Hello, my name is Fit For Nothing and I would like to tell you about this most crude and offensive musical.

Hello. Yes, I was dragged (I hate musicals) and it's not going to change my life but it was a hoot.


Today we take a day trip down to the Prince of Wales Theatre in the West End, treating Daughter to First Class on the way, and also meeting Son and his gf there. Yes, two musical deniers in the same room at the same time.



The Book Of Mormon has drawn plenty of criticism from those of will be offended and you can see why. Which is obviously what the creators of South Park who wrote the musical intended.

Of course if your beliefs can't stand up to criticism, and\or ridicule for that matter, then there can't have been much of substance there in the first place. Which is perhaps why the Mormon religion have embraced the production in their own way. Rather than protest they have bought advertising space in the programme and will happily sell you a copy of their book outside afterwards. Fair play to them.

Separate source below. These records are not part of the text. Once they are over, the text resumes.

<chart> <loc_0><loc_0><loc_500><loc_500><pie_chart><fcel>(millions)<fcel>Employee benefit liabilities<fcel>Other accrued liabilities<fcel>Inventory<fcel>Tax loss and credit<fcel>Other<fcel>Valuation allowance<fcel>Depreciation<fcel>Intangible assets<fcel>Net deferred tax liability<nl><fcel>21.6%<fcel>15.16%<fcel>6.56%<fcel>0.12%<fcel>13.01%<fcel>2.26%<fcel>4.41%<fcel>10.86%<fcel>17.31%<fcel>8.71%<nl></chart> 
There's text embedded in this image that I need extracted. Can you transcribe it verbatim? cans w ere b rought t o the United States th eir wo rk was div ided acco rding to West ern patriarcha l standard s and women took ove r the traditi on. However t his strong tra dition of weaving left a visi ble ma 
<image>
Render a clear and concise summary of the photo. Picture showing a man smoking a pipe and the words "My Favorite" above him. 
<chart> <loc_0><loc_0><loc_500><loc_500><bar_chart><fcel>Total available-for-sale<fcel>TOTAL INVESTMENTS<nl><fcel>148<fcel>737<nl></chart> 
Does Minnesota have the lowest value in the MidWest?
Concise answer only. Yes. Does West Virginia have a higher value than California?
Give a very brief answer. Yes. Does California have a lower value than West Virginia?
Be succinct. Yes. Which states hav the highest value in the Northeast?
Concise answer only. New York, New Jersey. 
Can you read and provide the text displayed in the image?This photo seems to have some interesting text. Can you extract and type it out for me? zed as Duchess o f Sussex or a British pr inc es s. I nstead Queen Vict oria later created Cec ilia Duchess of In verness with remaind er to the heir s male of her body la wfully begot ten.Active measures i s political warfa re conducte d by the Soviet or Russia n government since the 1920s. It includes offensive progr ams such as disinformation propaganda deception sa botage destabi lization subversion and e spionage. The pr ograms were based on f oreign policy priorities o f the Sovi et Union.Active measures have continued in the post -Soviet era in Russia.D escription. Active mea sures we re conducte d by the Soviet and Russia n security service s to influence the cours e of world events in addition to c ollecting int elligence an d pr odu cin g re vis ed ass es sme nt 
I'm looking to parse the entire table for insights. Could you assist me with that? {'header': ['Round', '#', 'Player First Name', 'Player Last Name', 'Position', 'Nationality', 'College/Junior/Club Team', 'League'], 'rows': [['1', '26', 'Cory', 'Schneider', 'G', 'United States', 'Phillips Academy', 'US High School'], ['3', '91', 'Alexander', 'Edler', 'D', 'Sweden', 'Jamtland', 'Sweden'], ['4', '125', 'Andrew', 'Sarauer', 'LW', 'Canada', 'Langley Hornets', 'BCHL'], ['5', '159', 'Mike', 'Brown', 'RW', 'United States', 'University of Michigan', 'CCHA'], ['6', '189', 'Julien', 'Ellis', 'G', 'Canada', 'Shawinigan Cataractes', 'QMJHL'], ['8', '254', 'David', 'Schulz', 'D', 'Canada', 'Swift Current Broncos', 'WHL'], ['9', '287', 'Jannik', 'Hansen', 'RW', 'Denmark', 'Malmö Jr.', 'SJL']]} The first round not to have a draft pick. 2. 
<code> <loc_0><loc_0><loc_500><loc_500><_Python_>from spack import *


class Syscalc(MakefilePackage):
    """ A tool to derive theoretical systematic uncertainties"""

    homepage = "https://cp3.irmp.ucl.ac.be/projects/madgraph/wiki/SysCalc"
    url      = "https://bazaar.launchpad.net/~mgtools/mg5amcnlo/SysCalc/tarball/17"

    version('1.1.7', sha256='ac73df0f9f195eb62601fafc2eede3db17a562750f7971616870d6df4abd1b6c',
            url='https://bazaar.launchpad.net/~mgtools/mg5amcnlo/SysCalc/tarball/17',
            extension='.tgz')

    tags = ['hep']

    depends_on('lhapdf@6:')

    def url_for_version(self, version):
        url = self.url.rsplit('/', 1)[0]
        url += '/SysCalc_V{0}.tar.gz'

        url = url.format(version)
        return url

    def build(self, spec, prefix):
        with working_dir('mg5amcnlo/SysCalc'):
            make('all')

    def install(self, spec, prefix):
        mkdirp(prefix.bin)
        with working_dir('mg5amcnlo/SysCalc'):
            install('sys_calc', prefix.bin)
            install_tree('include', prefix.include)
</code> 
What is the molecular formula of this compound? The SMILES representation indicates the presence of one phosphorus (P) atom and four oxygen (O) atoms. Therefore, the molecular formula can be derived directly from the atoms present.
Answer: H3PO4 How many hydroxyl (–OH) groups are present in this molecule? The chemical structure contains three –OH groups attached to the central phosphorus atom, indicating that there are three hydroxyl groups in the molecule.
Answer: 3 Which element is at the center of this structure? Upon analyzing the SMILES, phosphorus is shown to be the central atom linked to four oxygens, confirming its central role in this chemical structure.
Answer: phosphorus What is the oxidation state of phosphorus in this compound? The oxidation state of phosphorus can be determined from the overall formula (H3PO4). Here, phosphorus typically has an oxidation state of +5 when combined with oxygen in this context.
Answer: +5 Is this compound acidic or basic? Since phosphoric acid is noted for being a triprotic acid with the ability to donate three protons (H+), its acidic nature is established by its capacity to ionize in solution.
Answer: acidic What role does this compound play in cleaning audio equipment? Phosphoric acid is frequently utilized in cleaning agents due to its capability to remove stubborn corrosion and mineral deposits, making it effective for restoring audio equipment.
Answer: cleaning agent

I actually found the show very educational about Mormonism and it will have brought the religion to the attention of more people than any of their evangelical missions, which are so pilloried in this production, could have achieved. So perhaps a result all round then.

Most of the musical is set in an impoverished Ugandan village, where a mismatched pair of beaming brainwashed Utah-raised Mormons, Elders Price and Cunningham, are sent. They head to Africa expecting the Lion King and instead get General Buttfuckingnaked.

This is all designed as a dose of reality not just to Mormonism but to all religions. How do centuries old religions deal with modern real life issues such as the likes of violent warlords, diseases like AIDS, cult driven medical practices and female genital mutilation.

They don’t, not in a practical sense, and the Ugandans are not interested in what the Mormons have to say. The Mormons are forced to accept that they don’t have a solution.

The musicals lays this on with a trowel with it’s language, jokes, songs and political references. It is totally over the top but their aim is to get their point across.

So stand up Elders Cunningham, who admits he hasn’t even read the book. He realises that if they aren’t listening to what you’re saying then say something else and that he can hit his ‘baptism-quota’ if he just makes everything up drawing heavily on stories he does know like Star Wars and The Hobbit.

It’s all excellent stuff even if it does have a lot of singing in it.